“Barcos de papel” – Capítulo 27 d

Por Dionisio Rodríguez Mejías.

4.- Cayendo por la pendiente.

Como no disponía de joyas ni objetos de valor, pensé en vender el coche y los libros para sacar algo de dinero, pero muy pronto descarté la idea: un vehículo usado pierde mucho valor y aún me quedaban letras por pagar. En cuanto a los libros, a aquellas alturas no me hubieran dado por ellos casi nada. Pasé el fin de semana dándole vueltas al asunto, hasta que harto de descartar los disparates que me venían a la imaginación, di con la clave. Fue como un relámpago. Era indecente, de acuerdo: pero era también la única forma de conseguir el dinero que necesitaba. Sabía del riesgo que corría, pero cuando se necesita dinero con urgencia lo único que importa es conseguirlo; por esa razón me lancé hacia aquella locura. Pensé que la persona ideal para llevar a cabo el disparate era mi antiguo jefe, el señor Emilio Fabregat. Analicé el programa, estudié hasta los últimos detalles, decidí que el lunes no era el mejor día para esta clase de negocios, y esperé a la mañana del martes para poner en práctica mi plan.

El día amaneció frío y desapacible; el cielo estaba de un color gris plomizo y soplaba un molesto vientecillo con esa humedad que se mete debajo de la ropa y llega hasta los huesos. Me puse el traje nuevo, el abrigo azul marino y unos zapatos que acababa de estrenar. Aparqué en el chaflán de la oficina, y preparé las visitas tomando la precaución de dejar libre la última hora.

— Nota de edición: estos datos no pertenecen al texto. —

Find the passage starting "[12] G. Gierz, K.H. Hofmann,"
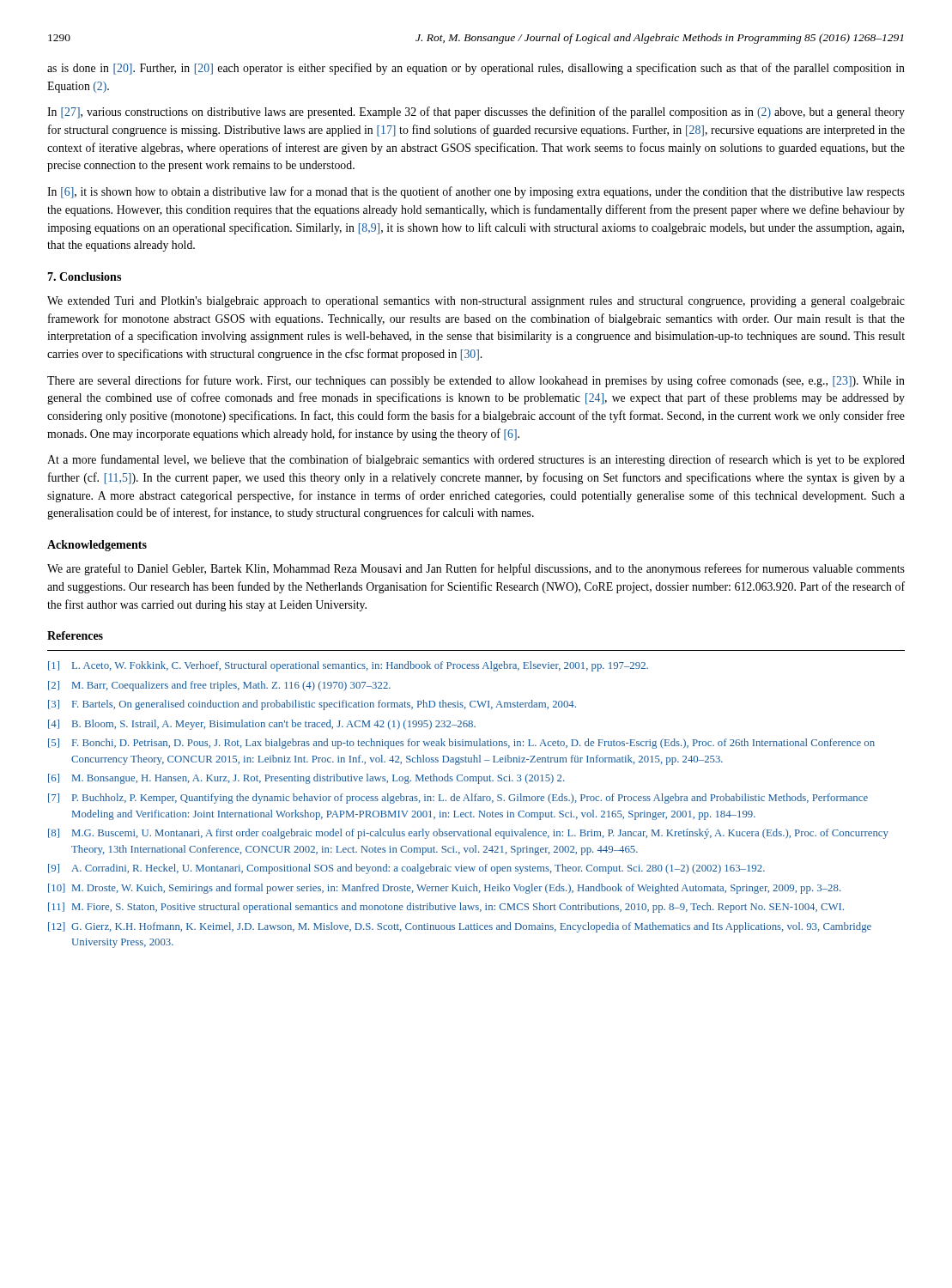 pyautogui.click(x=476, y=935)
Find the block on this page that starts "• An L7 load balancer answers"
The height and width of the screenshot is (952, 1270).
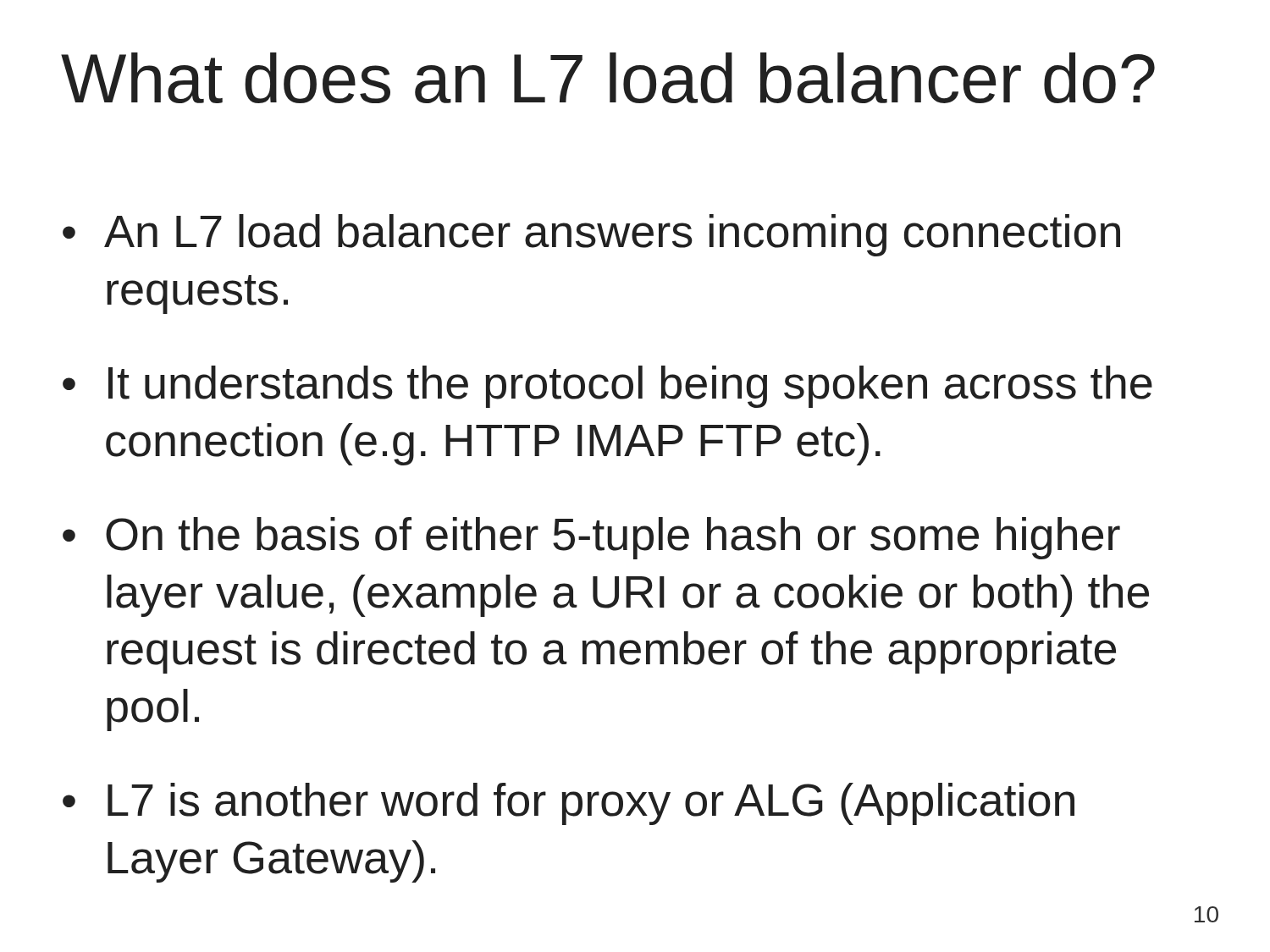(623, 260)
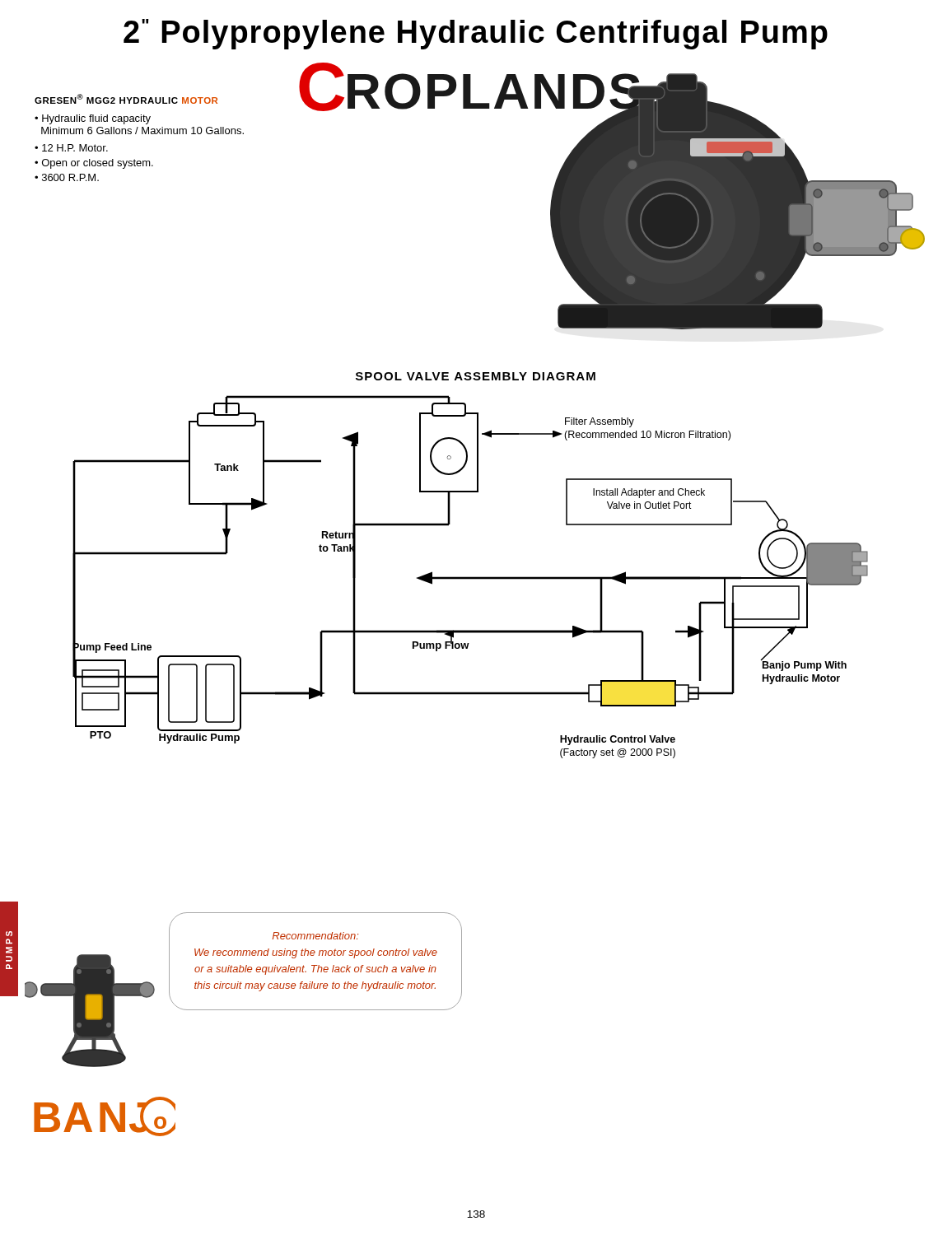Click on the list item with the text "• 12 H.P. Motor."
952x1235 pixels.
(x=71, y=148)
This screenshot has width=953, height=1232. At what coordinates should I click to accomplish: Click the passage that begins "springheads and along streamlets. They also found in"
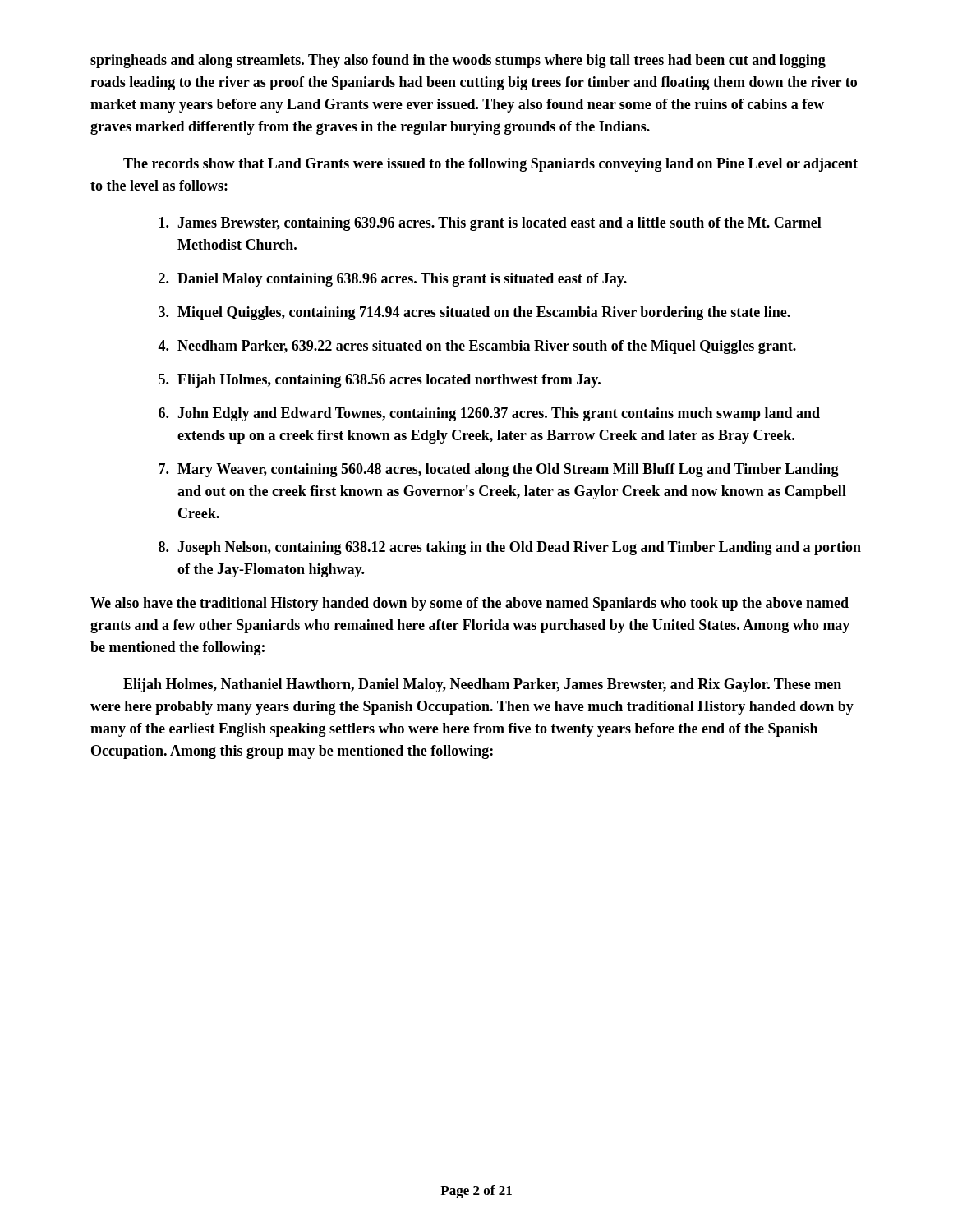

Faltaba muy poco para las dos de la tarde, cuando llamé al timbre de Relieves Fabregat con mi flamante cartera bajo el brazo y los nervios a flor de piel, como si fuera a cometer un atentado. Me abrió un muchacho que estaba terminando de precintar unos paquetes sobre la mesa de la entrada, y supuse que sería mi sustituto. Al verme entrar, la actividad se interrumpió por un momento, y todas las miradas se dirigieron hacia mí. Aunque sentía las piernas tan endebles como si no pudieran aguantar el peso de mi cuerpo, saludé a mis antiguos compañeros aparentando una tranquilidad que no tenía. Parecían sorprendidos al verme con aquella pinta, en especial Jaume García, que me miró de arriba abajo, como si viera una aparición. Cuando todos volvieron a sus quehaceres me preguntó:

—¿Qué te trae por aquí?

—Pues que he acabado pronto la faena, y tenía ganas de volveros a ver. ¿Está el señor Fabregat?

—En su despacho, como siempre. Se alegrará de verte.

Medroso e inseguro subí la escalera y me detuve ante la puerta. Aquel minúsculo despacho seguía igual: con su deslustrada mesa de madera, el flexo a mano izquierda, las sillas forradas de escay, y el armario metálico pegado a la pared y repleto de archivadores.

 —Don Emilio, ¿puc passar? —pregunté con un aceptable acento catalán.

Se levantó y me puso la mano en el hombro con su habitual cordialidad.

—No sabía que hablaras nuestro idioma —respondió en un afectuoso castellano—. ¿Qué te trae por aquí?

—Perdone si le interrumpo, pero hace tiempo que quería venir para agradecerle sus atenciones —contesté, aparentando un punto de confusión y timidez.

—Tú nunca interrumpes. Siéntate. ¿Ya has terminado la carrera?

—No, señor; pero me falta poco para acabarla.

—Bueno, cuéntame —dijo, mientras me observaba con atención—. ¿A qué te dedicas?

—Como ya le dije, soy asesor de inversiones en Borras Asociados. Informo sobre fondos, coberturas jurídicas, planes de capitalización…, en fin, ya sabe.

—Caramba, chico, eso suena muy bien. Cuéntame en qué consisten esos planes —respondió sonriendo.

Había preparado unos recibos con la liquidación de unos intereses al 20% a nombre de INVERGRUP y GESTBANK, sobre sus pólizas contratadas. Saqué los recibos de la cartera y los puse sobre la mesa, llamando su atención sobre la importancia de aquellos depósitos.

—Don Emilio, comprenda que esta es una información confidencial.

Los hojeó con atención, y al final hizo la pregunta que yo esperaba.

—¿Cómo es posible? ¿Un veinte por ciento?

—Sí, señor; la explicación es muy sencilla: no hay gastos de personal, ni oficinas, ni impuestos. Solo inversión y rentabilidad. Dinero limpio, don Emilio.